【陸上】「1964年東京五輪代表の集い」開催、往年の名選手が60年前の思い出に浸る
「1964年東京オリンピック陸上代表の集い」が11月19日、東京・新宿区のオリンピックスクエア内にある日本スポーツマンクラブで行われ、代表選手12名が出席した。 懇親会に参加した1964年東京五輪陸上代表をチェック! 60年前の東京五輪に向けて、アスリートが第一線を退いた後も長く健康でいられることを願った国際オリンピック委員会(IOC)の発案により、同大会のすべての競技の代表選手を対象にした体力測定が世界各国でスタート。しかし、五輪イヤーの4年ごとに行われ測定も10数年後には実施国が激減し、現在まで続いているのは日本だけだという。 この日は東京・北区の国立スポーツ科学センター(JISS)で体力測定を行い、陸上代表の有志が国立競技場近くの日本スポーツマンクラブへ移動して旧交を温めた。
五輪3大会連続出場のレジェンド、「東京大会には特別の思い入れがあった」
陸上代表が集まるのはロンドン五輪イヤーだった2012年以来12年ぶり。

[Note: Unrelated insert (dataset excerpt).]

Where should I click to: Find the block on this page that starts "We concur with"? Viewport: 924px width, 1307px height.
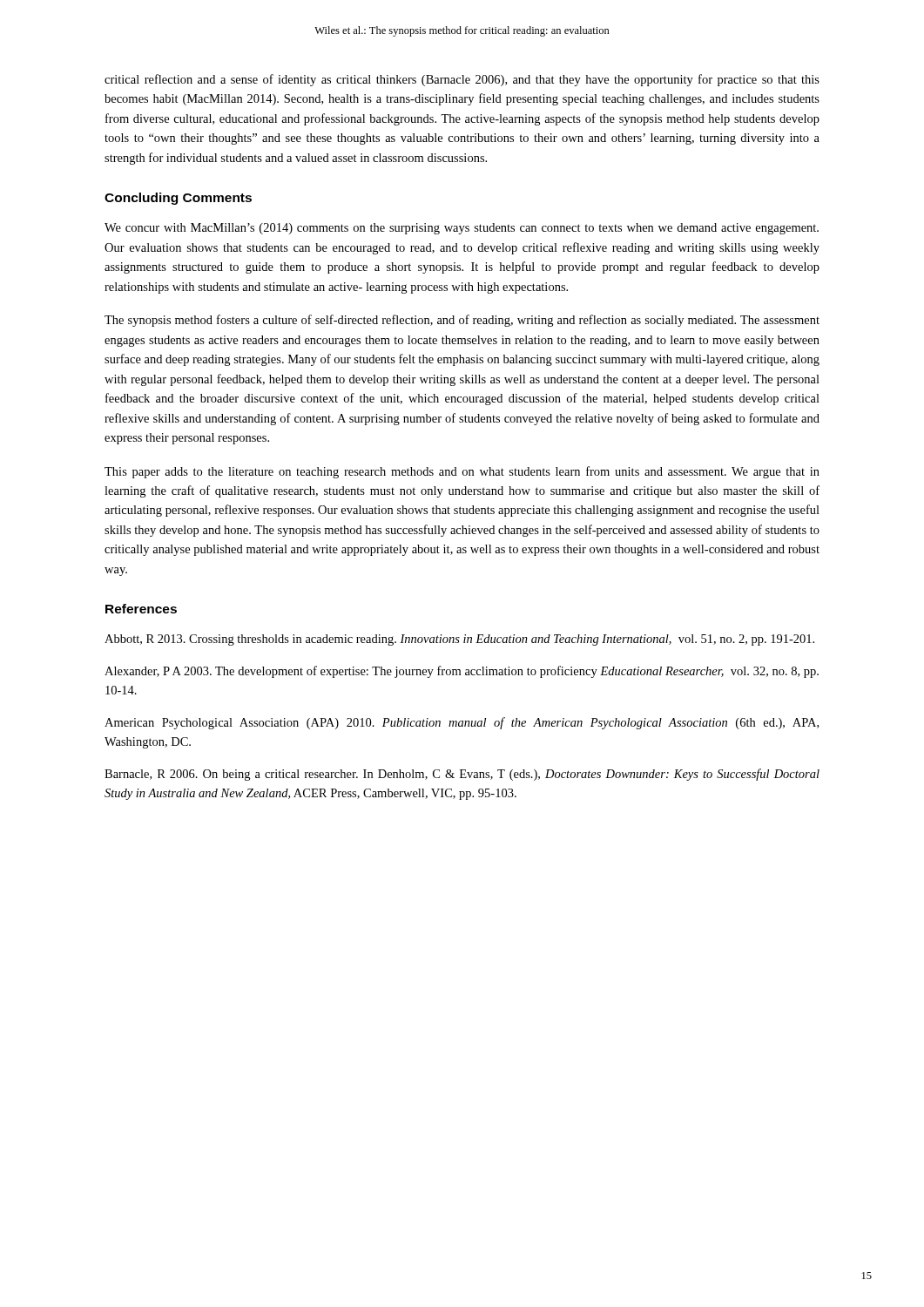pyautogui.click(x=462, y=257)
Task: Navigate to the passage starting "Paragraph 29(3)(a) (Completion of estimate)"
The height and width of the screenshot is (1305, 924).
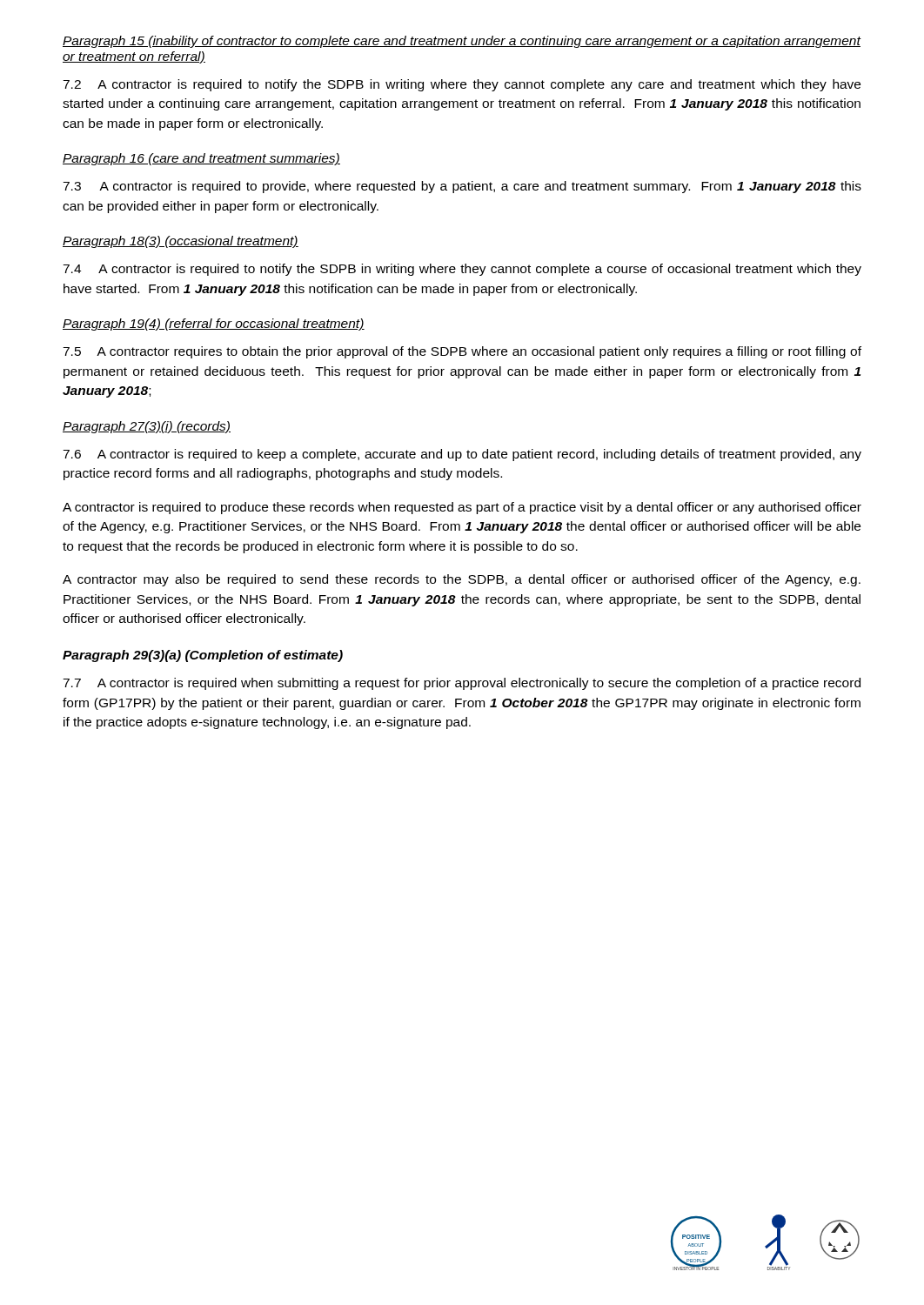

男子三段跳で1956年メルボルン、1960年ローマ、1964年東京と3大会連続出場の実績を誇る櫻井孝次さん(88歳)は、「3つの五輪の中でも東京は特別な思い入れがあったので、一緒に出場した仲間と再び当時の思い出に浸ることができてうれしい」は話していた。 また、東京から3大会連続で五輪に出場している男子マラソン代表の君原健二さん(83歳)は「初めての五輪ではいろんな有名選手にサインをもらって歩き、それが後にテレビ番組で100万円の値打ちがあると鑑定されたほど。試合前にそんなことをしていた覚悟の低さが、銅メダルを獲得した円谷(幸吉)さんと(8位で)入賞も逃した私との差だった」と言って出席者の笑いを誘った。しかし、東京での悔しさが次のメキシコ五輪の銀メダル、さらに4年後のミュンヘン五輪の5位入賞につながった。 この集いには、12年前も招かれていた元JOC専務理事の市原則之氏をはじめ、日本陸連の尾縣貢会長、風間明副会長が来賓として、女子100mハードルの寺田明日香(ジャパンクリエイトグループ)が現役アスリート代表で出席。 コロナ禍の2021年、無観客の国立競技場で開催された東京五輪に出場した寺田は、「大会前に(1964年東京五輪女子80mH5位入賞の)依田郁子さんの甥からご連絡をいただいて激励を受け、それがすごく力になりました。皆さんがつないでくださった想いを、私たちも次の世代につなげていきたい」と述べていた。 日本陸上界は来年9月に控える東京世界選手権を盛り上げるためにさまざまな施策を練っており、往年のオリンピアンも大切な〝応援団〟という位置付け。最高峰の陸上イベントの魅力や熱気を直接感じられる貴重なチャンスで、出席者は窓越しに国立競技場を眺めながら「来年、再びここに来られるように健康でいよう」と誓い合っていた。